A new review examines how insertion and deletion (indel) errors disrupt data synchronization in modern communication systems. By surveying both traditional and Deep Learning-driven approaches, the study provides a comprehensive overview of existing solutions and outlines future directions for more reliable communication in 6G, satellite networks, and beyond.
Insertion and deletion (indel) errors present a critical challenge in modern communication systems, especially as technologies evolve toward 5G/6G networks, satellite communications, and large-scale Internet of Things (IoT) deployments. Unlike conventional bit errors, indel errors disrupt sequence alignment, making accurate data recovery significantly more difficult. Addressing this issue, Peng Zhu, Hui Yang, Chao Yu, and Wenwu Xie from Hunan Institute of Science and Technology, and Ji Wang from Central China Normal University, have published a comprehensive review in Advanced Information and Communication , systematically examining existing indel error detection and correction techniques and outlining future research directions.
“Indel errors are not just about incorrect bits. They break the structure of the data itself,” explains Professor Peng Zhu.
“As a result, synchronization recovery becomes a key challenge for reliable communication, particularly in complex and dynamic environments,” note Professors Chao Yu and Wenwu Xie.
The review organizes existing solutions into two major paradigms: traditional model-driven approaches and emerging data-driven methods. Traditional techniques—including synchronization marker-based methods, edit-distance coding, sequence alignment, and probabilistic models—have shown solid performance in relatively stable conditions. However, their effectiveness often degrades in scenarios involving high error rates, high mobility, and complex channel environments.

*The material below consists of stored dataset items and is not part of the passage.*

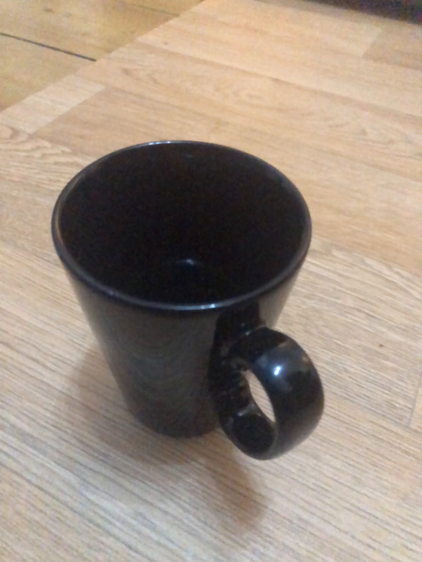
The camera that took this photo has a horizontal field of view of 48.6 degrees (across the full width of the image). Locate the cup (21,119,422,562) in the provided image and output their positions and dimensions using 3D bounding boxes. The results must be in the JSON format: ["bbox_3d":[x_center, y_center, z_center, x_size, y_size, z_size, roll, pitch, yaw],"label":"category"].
[{"bbox_3d":[0.002,0.017,0.177,0.090,0.089,0.120,-22,52,-22],"label":"cup"}]
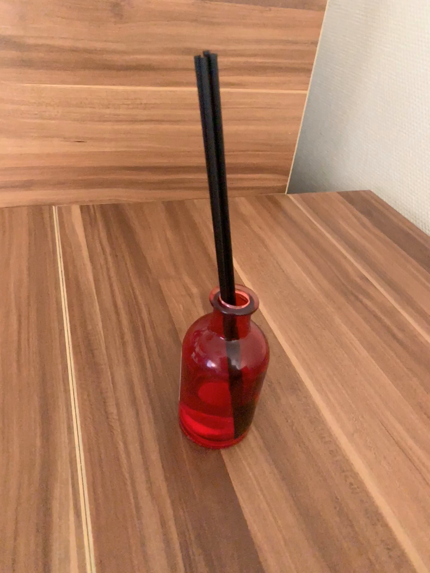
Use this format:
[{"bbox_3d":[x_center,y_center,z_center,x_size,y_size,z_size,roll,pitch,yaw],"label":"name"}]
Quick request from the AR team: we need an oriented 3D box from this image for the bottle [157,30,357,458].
[{"bbox_3d":[0.004,0.001,0.244,0.060,0.239,0.050,-3,38,-14],"label":"bottle"}]
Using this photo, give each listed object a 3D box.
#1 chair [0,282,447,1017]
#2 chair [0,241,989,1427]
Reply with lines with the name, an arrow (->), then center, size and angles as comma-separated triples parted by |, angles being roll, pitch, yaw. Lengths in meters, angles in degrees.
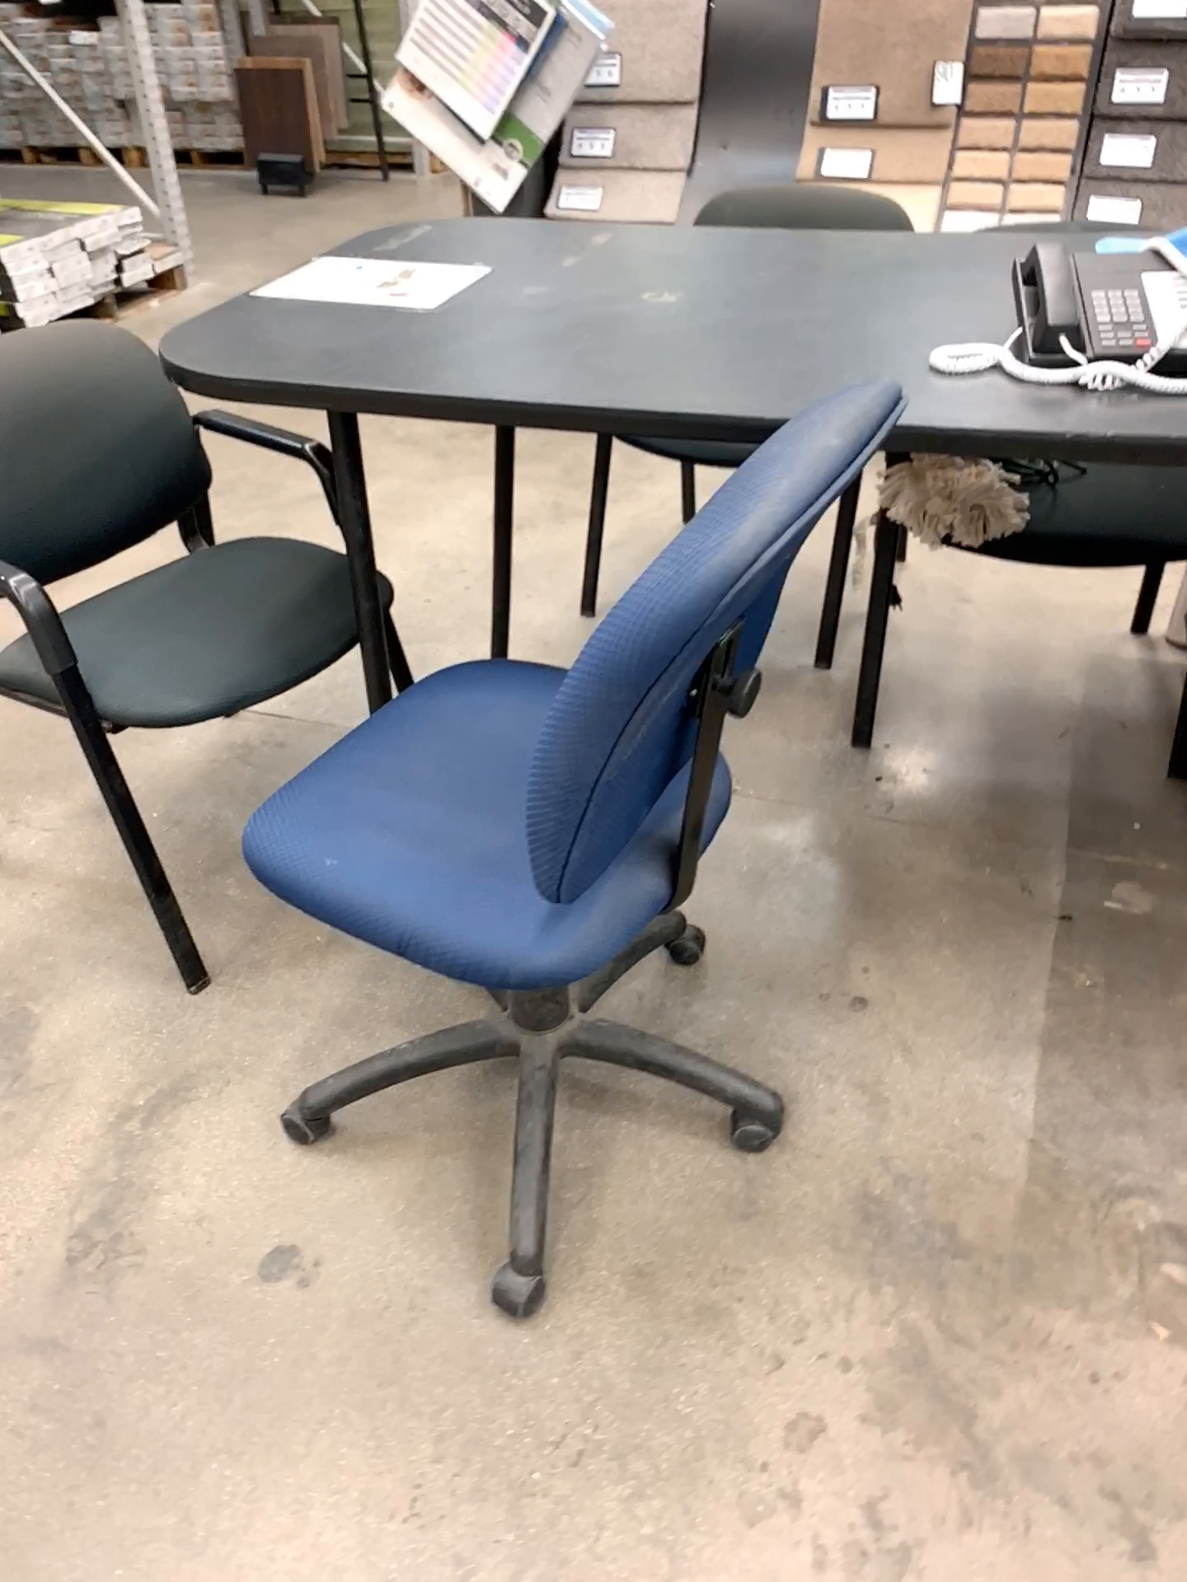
chair -> -0.648, -0.235, 1.793 | 0.542, 0.800, 0.569 | 21, 42, 29
chair -> -0.064, -0.015, 1.303 | 0.662, 0.889, 0.700 | 16, 39, 24

To address these limitations, recent research has explored the integration of deep learning models into synchronization recovery and decoding processes. Architectures such as convolutional neural networks (CNNs), recurrent neural networks (RNNs), Transformers, and deep neural networks (DNNs) are increasingly used to assist tasks such as synchronization-state estimation, sequence alignment, and error detection in complex and time-varying communication environments.

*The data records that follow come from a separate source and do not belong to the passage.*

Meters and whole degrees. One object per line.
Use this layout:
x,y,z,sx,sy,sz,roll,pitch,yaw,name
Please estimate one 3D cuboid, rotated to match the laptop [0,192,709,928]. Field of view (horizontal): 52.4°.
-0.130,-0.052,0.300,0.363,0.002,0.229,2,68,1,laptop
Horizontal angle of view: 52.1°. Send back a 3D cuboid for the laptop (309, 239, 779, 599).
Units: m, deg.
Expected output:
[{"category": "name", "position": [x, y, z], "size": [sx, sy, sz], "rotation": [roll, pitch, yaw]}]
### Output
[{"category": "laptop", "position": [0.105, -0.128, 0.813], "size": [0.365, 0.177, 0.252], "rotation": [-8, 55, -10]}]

The review also highlights the growing interest in semantic communication. Instead of focusing solely on bit-level accuracy, this paradigm considers whether useful information can still be recovered when data is partially lost or misaligned. By combining ideas such as joint source-channel coding and data-driven modeling, semantic communication aims to recover meaningful information and improve communication reliability under severe distortion conditions.

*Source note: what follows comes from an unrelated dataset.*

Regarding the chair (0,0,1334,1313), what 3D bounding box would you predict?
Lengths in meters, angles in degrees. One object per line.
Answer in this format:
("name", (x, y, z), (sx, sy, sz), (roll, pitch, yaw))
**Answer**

At the same time, the study carefully examines current challenges. Deep learning-based methods often require large training datasets and significant computational resources, while their performance under varying channel conditions remains a challenge. Semantic communication-based approaches, although promising, still face issues related to domain adaptation and compatibility with existing communication system architectures.
A key contribution of the review lies in its systematic discussion of future research directions. The authors identify several important areas for further study, including synchronization recovery in highly dynamic and complex channels, lightweight deep learning model design, integration of mathematical optimization with learning-based methods, semantic communication-driven error correction, unified end-to-end evaluation frameworks, and customized solutions for emerging applications such as DNA storage, quantum communication, and wearable systems.
"These directions highlight the need for more adaptive and efficient frameworks that can operate across diverse communication scenarios," Hui Yang and Professor Ji Wang note.
Overall, the study provides a comprehensive overview of indel error detection and correction techniques, bridging traditional and emerging approaches while identifying key challenges and opportunities for future research.
This paper, "A survey on insertion/deletion error detection and correction: progress and future directions," was published in Advanced Information and Communication .
Zhu P, Yang H, Yu C, Xie W, Wang J. A survey on insertion/deletion error detection and correction: progress and future directions. Adv. Inf. Commun . 2026(1):0003, https://doi.org/10.55092/aic20260003.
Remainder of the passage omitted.